ABOUT THIS TASK: Everything in the listing below except the pictures should be reproduced exactly.

------------------------------------------------

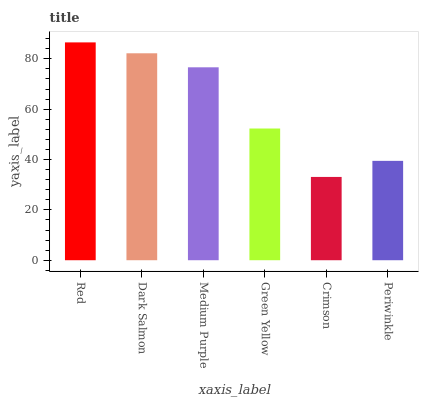Is Crimson the minimum?
Answer yes or no. Yes. Is Red the maximum?
Answer yes or no. Yes. Is Dark Salmon the minimum?
Answer yes or no. No. Is Dark Salmon the maximum?
Answer yes or no. No. Is Red greater than Dark Salmon?
Answer yes or no. Yes. Is Dark Salmon less than Red?
Answer yes or no. Yes. Is Dark Salmon greater than Red?
Answer yes or no. No. Is Red less than Dark Salmon?
Answer yes or no. No. Is Medium Purple the high median?
Answer yes or no. Yes. Is Green Yellow the low median?
Answer yes or no. Yes. Is Green Yellow the high median?
Answer yes or no. No. Is Periwinkle the low median?
Answer yes or no. No.

------------------------------------------------

TASK RESULT:
Is Crimson the minimum?
Answer yes or no. Yes. Is Red the maximum?
Answer yes or no. Yes. Is Dark Salmon the minimum?
Answer yes or no. No. Is Dark Salmon the maximum?
Answer yes or no. No. Is Red greater than Dark Salmon?
Answer yes or no. Yes. Is Dark Salmon less than Red?
Answer yes or no. Yes. Is Dark Salmon greater than Red?
Answer yes or no. No. Is Red less than Dark Salmon?
Answer yes or no. No. Is Medium Purple the high median?
Answer yes or no. Yes. Is Green Yellow the low median?
Answer yes or no. Yes. Is Green Yellow the high median?
Answer yes or no. No. Is Periwinkle the low median?
Answer yes or no. No.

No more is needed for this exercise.